→ Source material:
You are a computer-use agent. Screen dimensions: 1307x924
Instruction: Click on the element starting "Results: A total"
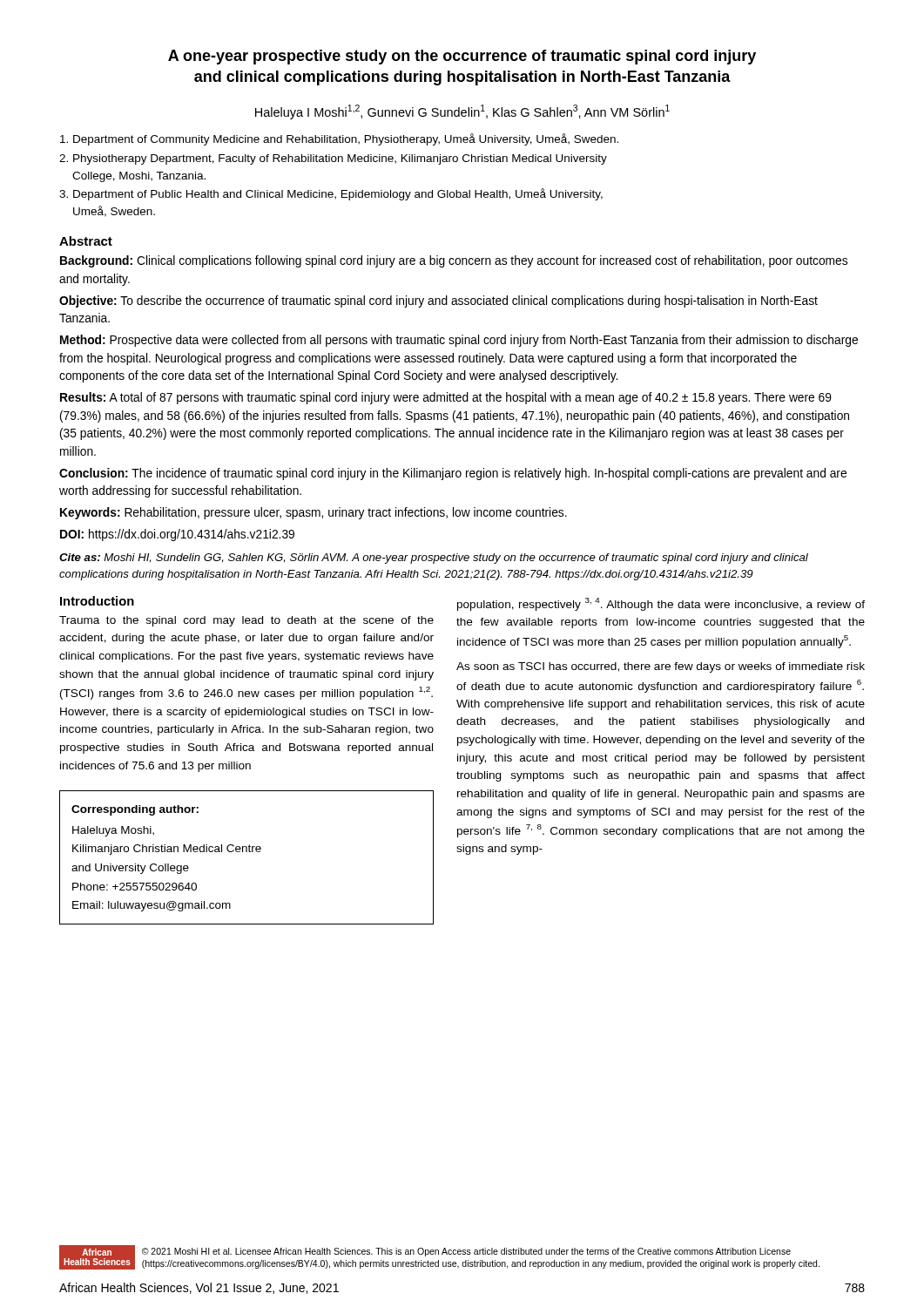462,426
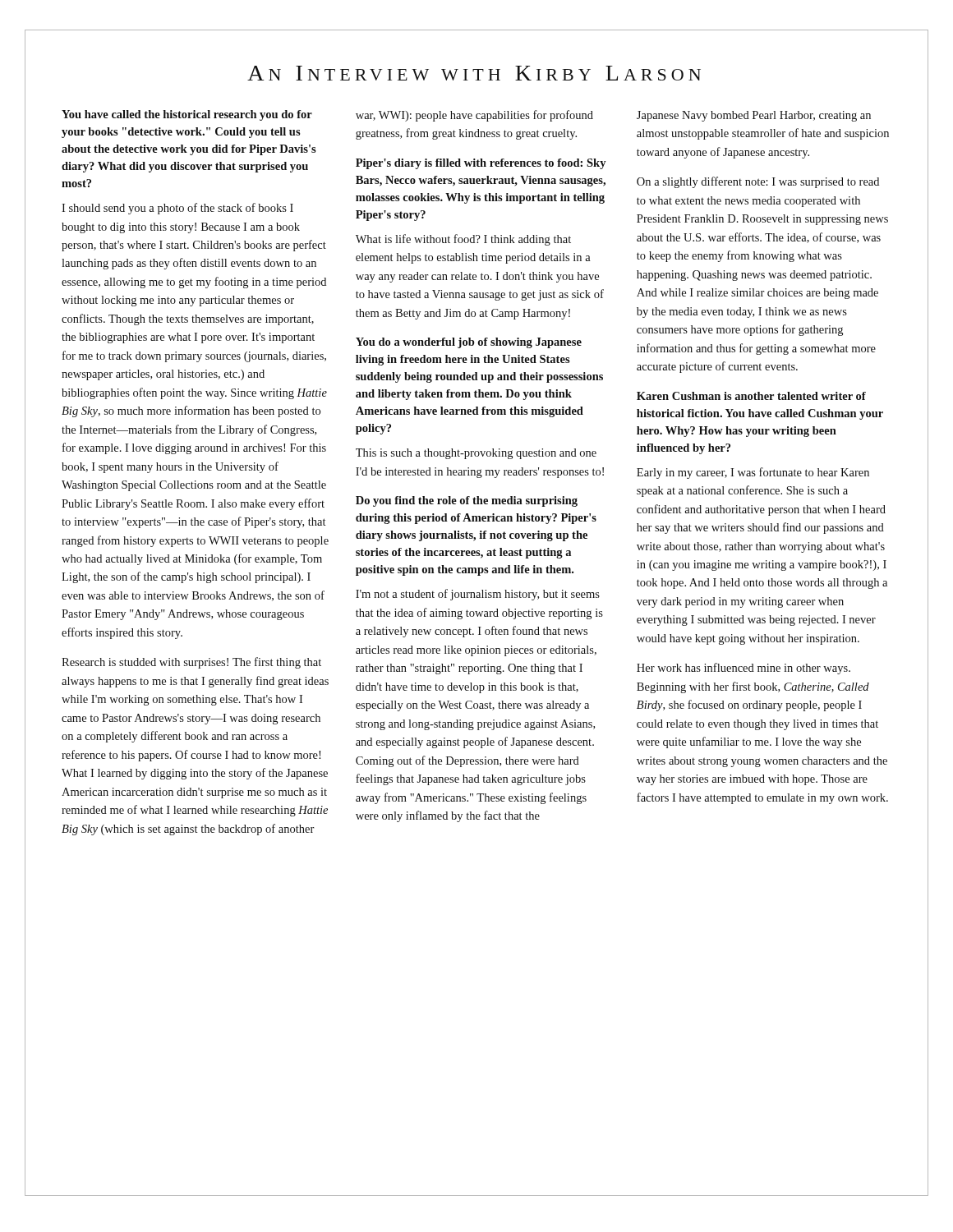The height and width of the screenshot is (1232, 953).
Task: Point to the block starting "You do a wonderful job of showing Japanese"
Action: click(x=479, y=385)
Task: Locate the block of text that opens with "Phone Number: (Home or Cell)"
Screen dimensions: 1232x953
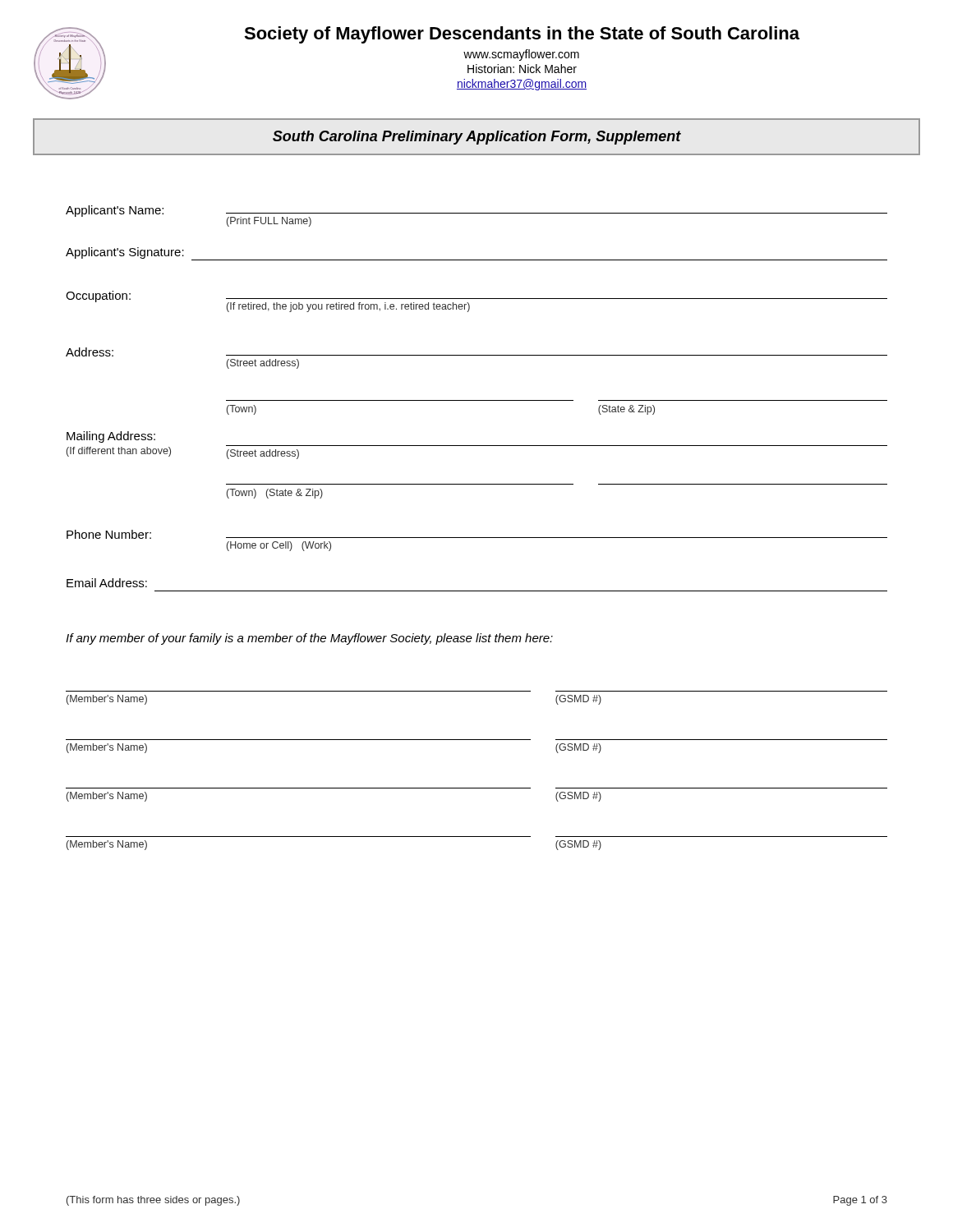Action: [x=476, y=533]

→ Exercise goal: Here the job is to repeat the entries verbatim while leaving all pictures out.

→ Answer space:
You are a computer-use agent. Screen dimensions: 1307x924
Instruction: Click on the element starting "Results: A total"
462,426
The height and width of the screenshot is (1232, 953).
Task: Point to the block starting "You do a wonderful job of showing Japanese"
Action: click(x=479, y=385)
Task: Locate the block of text that opens with "Phone Number: (Home or Cell)"
Screen dimensions: 1232x953
Action: [x=476, y=533]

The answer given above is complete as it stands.